On my dual core, running time goes from,
* original unparallelized, 9.315s * dual core, 6.193s
The following flags should be used:
Compile time:
ghc --make -O2 -fglasgow-exts -threaded -fbang-patterns -funbox-strict-fields -optc-O2
Runtime:
./mand3 6400 +RTS -N2
Code:
This code has extra annotations about the usage of function arguments, which can be removed.

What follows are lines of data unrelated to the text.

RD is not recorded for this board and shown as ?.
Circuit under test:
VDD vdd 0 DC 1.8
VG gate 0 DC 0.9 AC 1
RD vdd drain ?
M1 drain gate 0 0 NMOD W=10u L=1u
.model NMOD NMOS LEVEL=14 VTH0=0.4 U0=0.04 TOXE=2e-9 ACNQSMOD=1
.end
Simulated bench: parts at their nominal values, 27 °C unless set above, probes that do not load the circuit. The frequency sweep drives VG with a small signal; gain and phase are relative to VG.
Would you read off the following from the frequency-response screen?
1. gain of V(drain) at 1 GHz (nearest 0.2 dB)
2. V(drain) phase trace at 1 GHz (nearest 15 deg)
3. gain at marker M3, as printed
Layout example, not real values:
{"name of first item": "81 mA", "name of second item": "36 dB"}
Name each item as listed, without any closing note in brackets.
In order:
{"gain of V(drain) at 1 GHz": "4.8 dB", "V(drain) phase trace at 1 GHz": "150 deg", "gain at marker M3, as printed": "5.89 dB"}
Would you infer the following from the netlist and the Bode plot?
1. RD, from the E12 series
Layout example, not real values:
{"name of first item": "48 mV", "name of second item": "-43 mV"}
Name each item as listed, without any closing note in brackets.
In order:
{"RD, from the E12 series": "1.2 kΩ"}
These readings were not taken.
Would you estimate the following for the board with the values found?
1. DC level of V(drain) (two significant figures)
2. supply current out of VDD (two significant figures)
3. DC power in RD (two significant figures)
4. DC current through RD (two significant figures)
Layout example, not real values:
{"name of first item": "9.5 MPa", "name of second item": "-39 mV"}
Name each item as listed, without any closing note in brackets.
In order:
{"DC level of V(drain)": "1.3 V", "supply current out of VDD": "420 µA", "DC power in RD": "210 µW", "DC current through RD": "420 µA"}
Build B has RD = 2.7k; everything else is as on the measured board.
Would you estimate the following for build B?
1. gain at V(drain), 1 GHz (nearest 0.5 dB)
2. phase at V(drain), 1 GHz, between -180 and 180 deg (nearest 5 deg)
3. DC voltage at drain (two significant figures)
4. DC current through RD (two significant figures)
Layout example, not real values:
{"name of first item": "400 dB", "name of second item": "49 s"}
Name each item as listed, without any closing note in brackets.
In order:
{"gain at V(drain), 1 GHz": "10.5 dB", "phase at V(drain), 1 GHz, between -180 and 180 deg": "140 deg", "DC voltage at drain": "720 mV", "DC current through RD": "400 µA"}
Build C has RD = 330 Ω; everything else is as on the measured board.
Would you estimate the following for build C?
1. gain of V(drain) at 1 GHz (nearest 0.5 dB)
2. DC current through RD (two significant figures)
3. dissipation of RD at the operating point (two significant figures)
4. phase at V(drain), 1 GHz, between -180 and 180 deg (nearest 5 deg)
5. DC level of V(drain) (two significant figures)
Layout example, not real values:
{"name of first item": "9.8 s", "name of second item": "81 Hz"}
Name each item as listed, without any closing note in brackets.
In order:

{-# OPTIONS -O2 -fvia-C -fexcess-precision #-}
--
-- The Computer Language Benchmarks Game
-- http://shootout.alioth.debian.org/
--
-- Contributed by Spencer Janssen, Trevor McCort, Christophe Poucet and Don Stewart
--
-- Must be compiled with the -fexcess-precision flag as a pragma. GHC
-- currently doesn't recognise the -fexcess-precision flag on the command
-- line (!).
--
-- The following flags are suggested when compiling:
--
-- -O -fglasgow-exts -optc-march=pentium4
-- -fbang-patterns -funbox-strict-fields -optc-O2 -optc-mfpmath=sse -optc-msse2
--
import System
import System.IO
import Foreign
import Foreign.Marshal.Array
import Control.Concurrent
import Control.Concurrent.MVar
import Control.Concurrent.Chan
import Control.Monad
main = do
-- width in pixels
w <- getArgs >>= readIO . head
-- width in bytes
let n = w `div` 8
-- width of a pixel in the complex plane
m = 2 / fromIntegral w
coords = [T 1 0 y (fromIntegral y * m - 1) | y <- [0..w-1]]
q <- newChan
replies <- replicateM w newEmptyMVar
mapM_ (writeChan q) $ zip coords replies
replicateM_ 4 . forkIO $ worker q w m n
putStrLn ("P4\n"++show w++" "++show w)
mapM_ (takeMVar >=> \b -> hPutBuf stdout b n) replies
-- Worker computes one line of the image and sends it to the master
-- q - work queue
-- w - width in pixels
-- m - width of a pixel in the complex plane
-- n - width in bytes
worker q w m n = forever (do
(coord, reply) <- readChan q
p <- mallocArray0 n
unfold (next_x w m n) p coord
putMVar reply p)
-- f - takes coordinates and returns Nothing if done
-- or the next byte of the bitmap otherwise.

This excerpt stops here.